THE TASK ->
State how many lines of the entries hold the string "these", and output nothing but that count.

MATERIAL FOR THIS EXERCISE ->

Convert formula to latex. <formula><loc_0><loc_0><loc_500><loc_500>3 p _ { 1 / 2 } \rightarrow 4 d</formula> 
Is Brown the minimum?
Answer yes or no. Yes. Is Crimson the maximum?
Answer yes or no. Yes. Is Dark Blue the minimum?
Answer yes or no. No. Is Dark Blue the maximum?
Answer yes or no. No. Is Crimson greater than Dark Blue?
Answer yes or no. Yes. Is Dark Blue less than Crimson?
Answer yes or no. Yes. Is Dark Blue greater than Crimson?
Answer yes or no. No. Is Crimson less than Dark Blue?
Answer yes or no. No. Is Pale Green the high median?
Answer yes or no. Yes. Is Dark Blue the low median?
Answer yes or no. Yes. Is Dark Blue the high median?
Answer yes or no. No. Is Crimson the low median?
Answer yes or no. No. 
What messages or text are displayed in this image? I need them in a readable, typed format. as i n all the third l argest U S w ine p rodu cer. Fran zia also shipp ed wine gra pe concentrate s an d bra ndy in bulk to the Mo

---

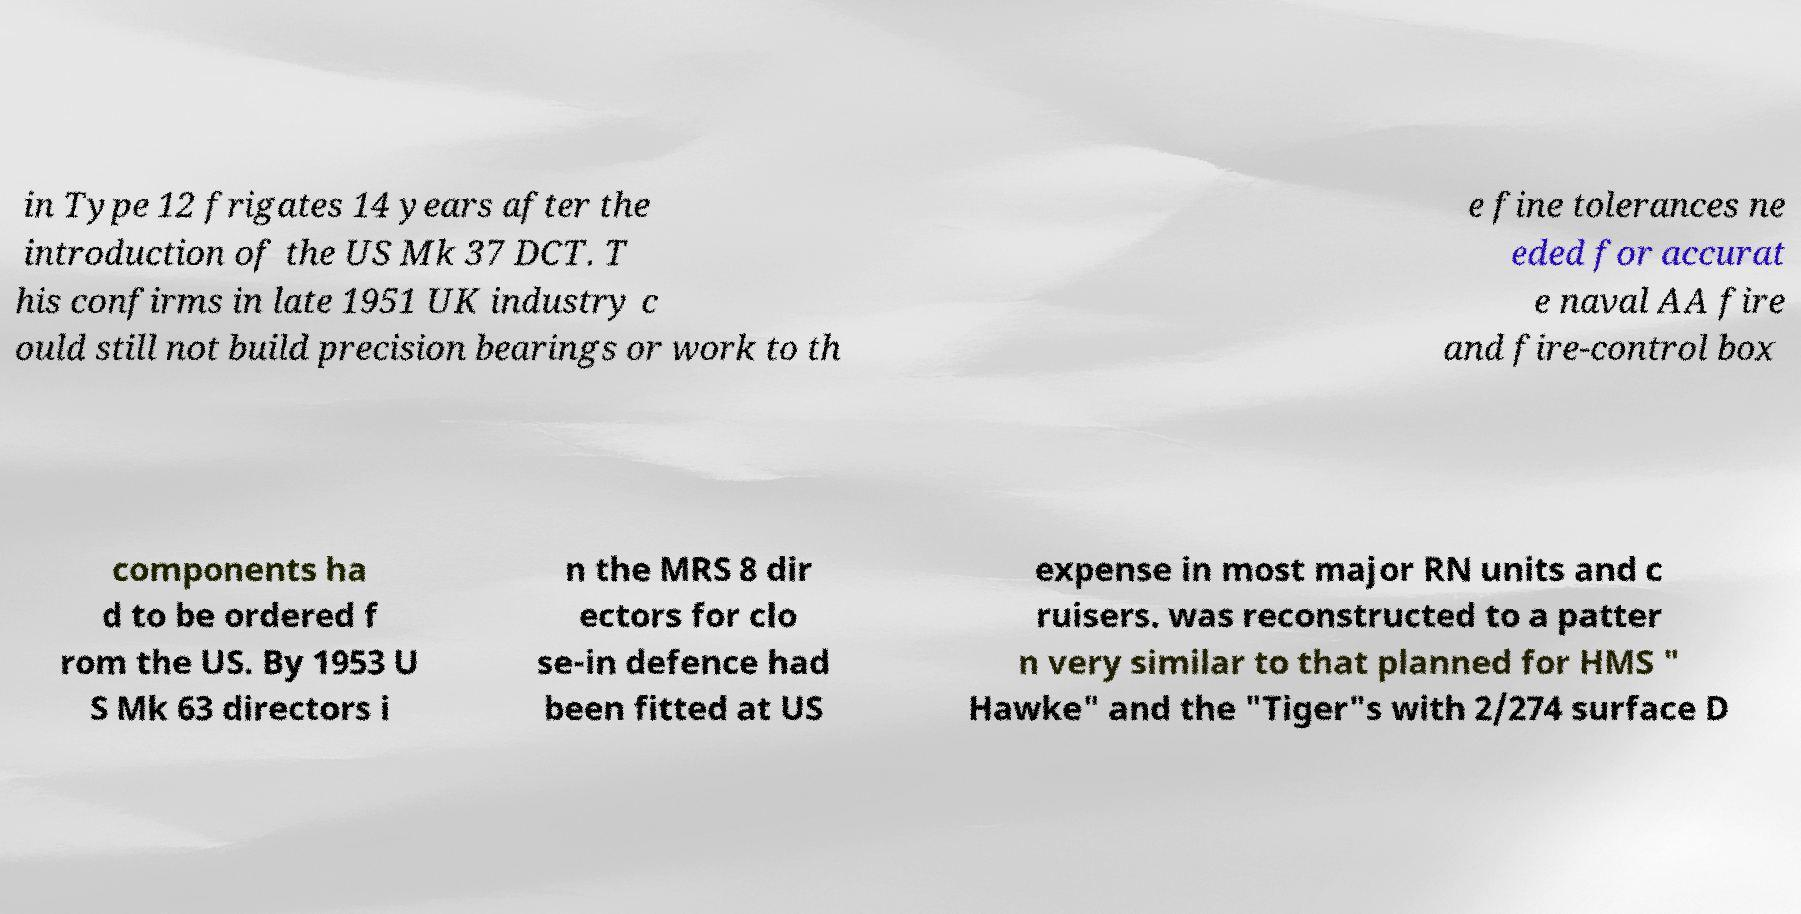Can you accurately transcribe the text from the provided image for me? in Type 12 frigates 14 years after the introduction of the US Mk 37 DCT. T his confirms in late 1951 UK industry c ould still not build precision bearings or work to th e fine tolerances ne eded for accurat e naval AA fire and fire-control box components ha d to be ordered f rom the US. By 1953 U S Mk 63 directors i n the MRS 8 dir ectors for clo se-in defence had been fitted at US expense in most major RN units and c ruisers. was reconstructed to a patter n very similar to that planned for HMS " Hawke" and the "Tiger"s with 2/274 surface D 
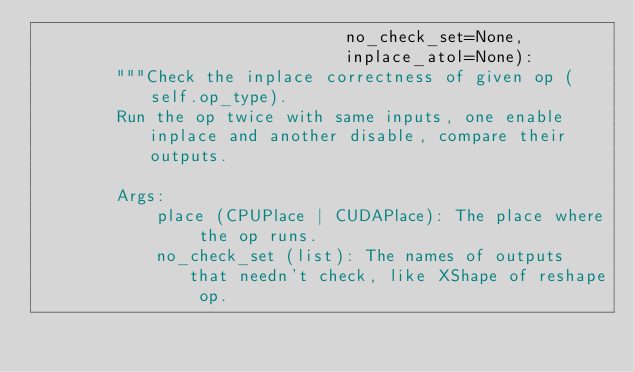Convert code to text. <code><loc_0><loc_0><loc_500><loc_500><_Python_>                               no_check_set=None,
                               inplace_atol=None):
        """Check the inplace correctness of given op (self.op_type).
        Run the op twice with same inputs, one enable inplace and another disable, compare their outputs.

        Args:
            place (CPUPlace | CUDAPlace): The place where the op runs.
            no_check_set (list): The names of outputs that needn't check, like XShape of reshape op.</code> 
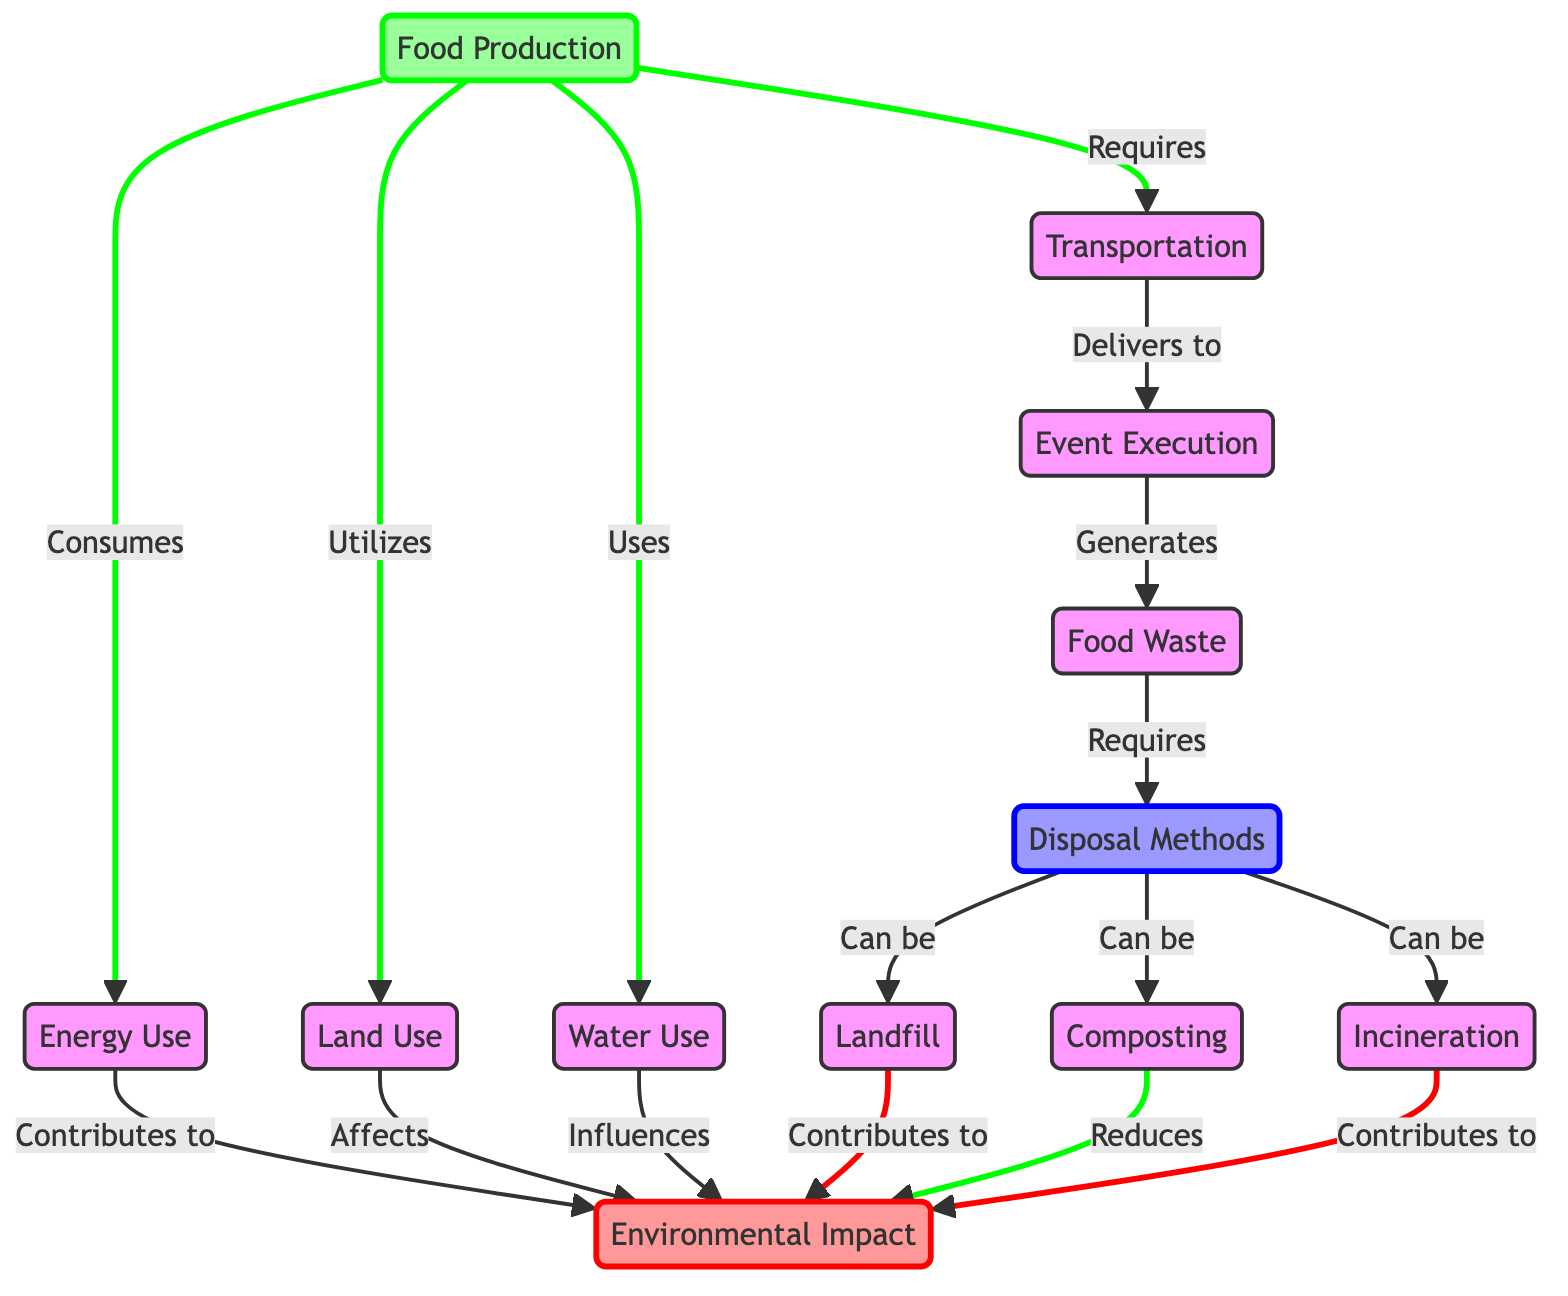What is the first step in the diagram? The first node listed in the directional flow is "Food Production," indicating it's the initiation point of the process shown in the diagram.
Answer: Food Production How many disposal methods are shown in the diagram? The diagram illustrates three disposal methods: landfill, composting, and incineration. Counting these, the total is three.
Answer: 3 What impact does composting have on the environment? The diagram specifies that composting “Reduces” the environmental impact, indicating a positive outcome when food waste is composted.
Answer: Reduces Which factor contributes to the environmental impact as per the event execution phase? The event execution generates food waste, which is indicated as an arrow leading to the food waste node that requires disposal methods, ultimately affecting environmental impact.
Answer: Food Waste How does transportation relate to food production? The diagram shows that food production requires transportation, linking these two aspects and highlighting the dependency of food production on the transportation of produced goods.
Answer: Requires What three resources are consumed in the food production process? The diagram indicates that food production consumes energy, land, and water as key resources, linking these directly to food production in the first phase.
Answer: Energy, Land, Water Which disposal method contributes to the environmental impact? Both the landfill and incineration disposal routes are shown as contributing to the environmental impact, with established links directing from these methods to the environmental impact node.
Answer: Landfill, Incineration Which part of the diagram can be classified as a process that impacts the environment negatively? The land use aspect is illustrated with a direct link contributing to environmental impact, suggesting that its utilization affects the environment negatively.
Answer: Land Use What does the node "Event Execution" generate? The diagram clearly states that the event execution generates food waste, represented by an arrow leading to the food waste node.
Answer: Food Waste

EXERCISE RESULT ->
4